The employer applied for re-consideration of the decision, arguing that the full Board meeting was illegal because it violated the audi alteram partem rule of natural justice, that decisions could not be made unless the parties were heard. In this case, although the three members who heard the case were part of the full Board meeting, the employers argued that the full Board meeting did not have the opportunity to hear the arguments first hand and were not entitled to make a decision on their case.

The Board upheld its decision, and the case was eventually appealed to the Supreme Court of Canada on the issue of whether the rules of natural justice allow a full Board meeting to take place, given the policy considerations relevant to the Board.

==Opinion of the Court==
A majority of the Court held that the full Board meetings were justified in order for individual members of the Board to benefit from the collective experience of all its members, and to ensure uniformity of decisions rendered by the Board.

The Court considered "whether the disadvantages involved in this practice are sufficiently important to warrant a holding that it constitutes a breach of the rules of natural justice, or whether full Board meetings are consistent with these rules, provided that certain safeguards be observed."
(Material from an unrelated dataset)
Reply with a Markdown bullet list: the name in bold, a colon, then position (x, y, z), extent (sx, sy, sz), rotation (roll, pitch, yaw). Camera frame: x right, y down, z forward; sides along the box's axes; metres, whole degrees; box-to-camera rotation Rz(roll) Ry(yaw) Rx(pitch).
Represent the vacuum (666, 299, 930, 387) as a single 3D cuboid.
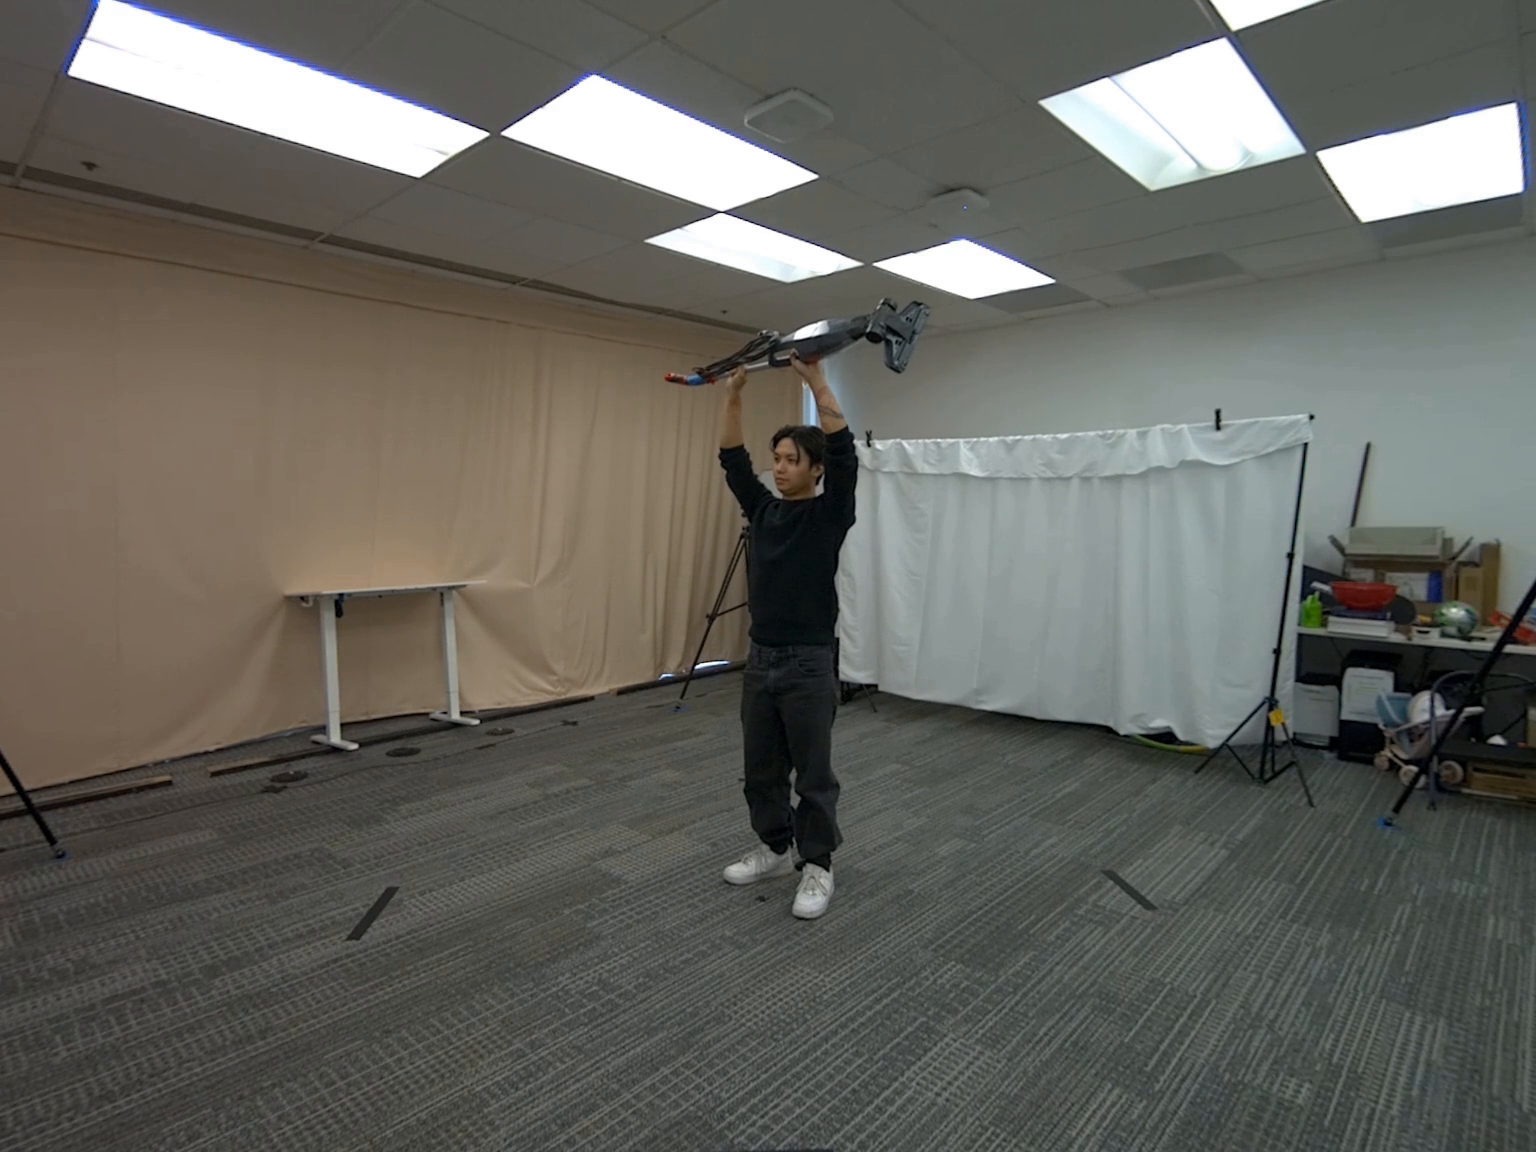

In weighing these considerations, the Court recognized the inherent problems associated with the full Board meetings, which compromised the independence of panels to decide individual cases:

It is obvious that no outside interference may be used to compel or pressure a decision maker to participate in discussions on policy issues raised by a case on which he must render a decision. It also goes without saying that a formalized consultation process could not be used to force or induce decision makers to adopt positions with which they do not agree. Nevertheless, discussions with colleagues do not constitute, in and of themselves, infringements on the panel members' capacity to decide the issues at stake independently. A discussion does not prevent a decision maker from adjudicating in accordance with his own conscience and opinions nor does it constitute an obstacle to this freedom. Whatever discussion may take place, the ultimate decision will be that of the decision maker for which he assumes full responsibility.

Nonetheless, the Court found that since the full Board meetings were limited to discussions of policy and not factual findings, they were satisfied that the meetings did not influence or pressure the individual three-member panels deciding each case.
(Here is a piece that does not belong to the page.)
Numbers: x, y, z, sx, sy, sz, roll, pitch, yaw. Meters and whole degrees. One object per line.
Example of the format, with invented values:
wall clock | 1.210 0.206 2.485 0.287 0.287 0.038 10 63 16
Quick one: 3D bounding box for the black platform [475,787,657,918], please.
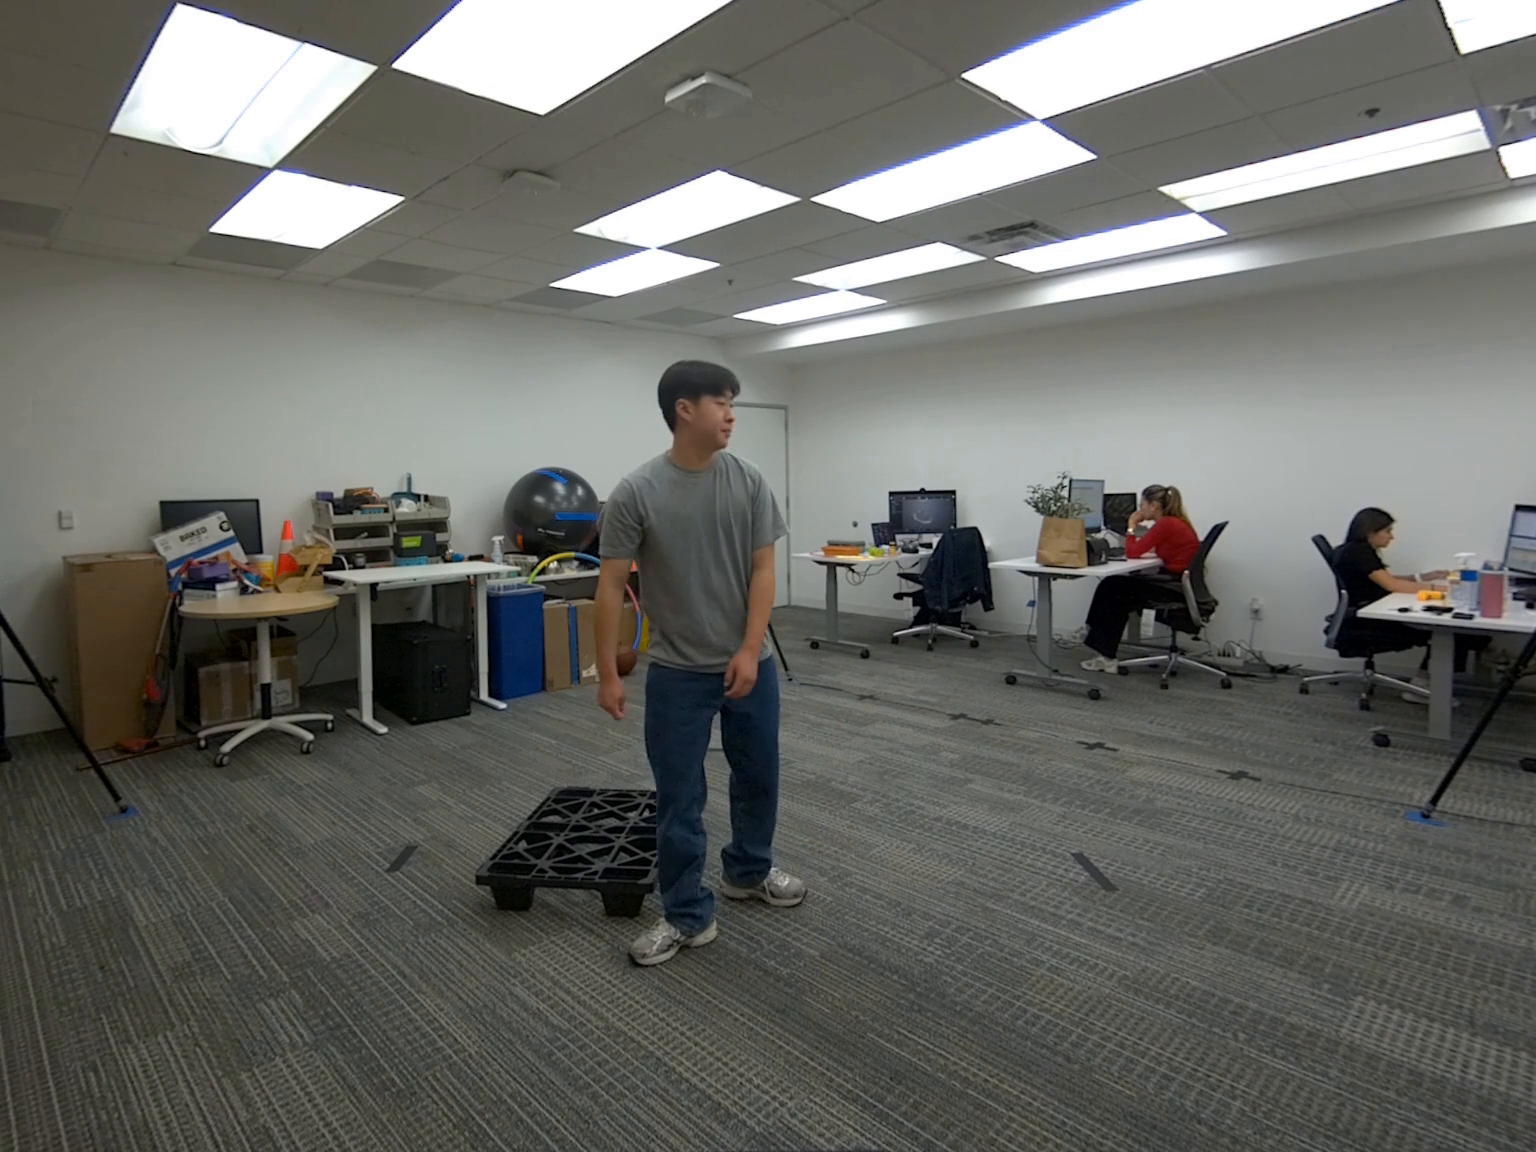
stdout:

Gonthier J. summarized the court's opinion:

The advantages of an institutionalized consultation process are obvious and I cannot agree with the proposition that this practice necessarily conflicts with the rules of natural justice. The rules of natural justice must have the flexibility required to take into account the institutional pressures faced by modern administrative tribunals as well as the risks inherent in such a practice. ...

The consultation process adopted by the Board formally recognizes the disadvantages inherent in full board meetings, namely that the judicial independence of the panel members may be fettered by such a practice and that the parties do not have the opportunity to respond to all the arguments raised at the meeting. The safeguards attached to this consultation process are, in my opinion, sufficient to allay any fear of violations of the rules of natural justice provided as well that the parties be advised of any new evidence or grounds and given an opportunity to respond. The balance so achieved between the rights of the parties and the institutional pressures the Board faces are consistent with the nature and purpose of the rules of natural justice.

==Aftermath==
The Supreme Court of Canada re-affirmed its decision in Tremblay v. Quebec (Commission des affaires sociales) and Ellis-Don Ltd. v. Ontario (Labour Relations Board). They further clarified that meetings involving members not on the panel hearing the case could constitute inappropriate influence if the applicant could show that there was systemic pressure acting on the panels.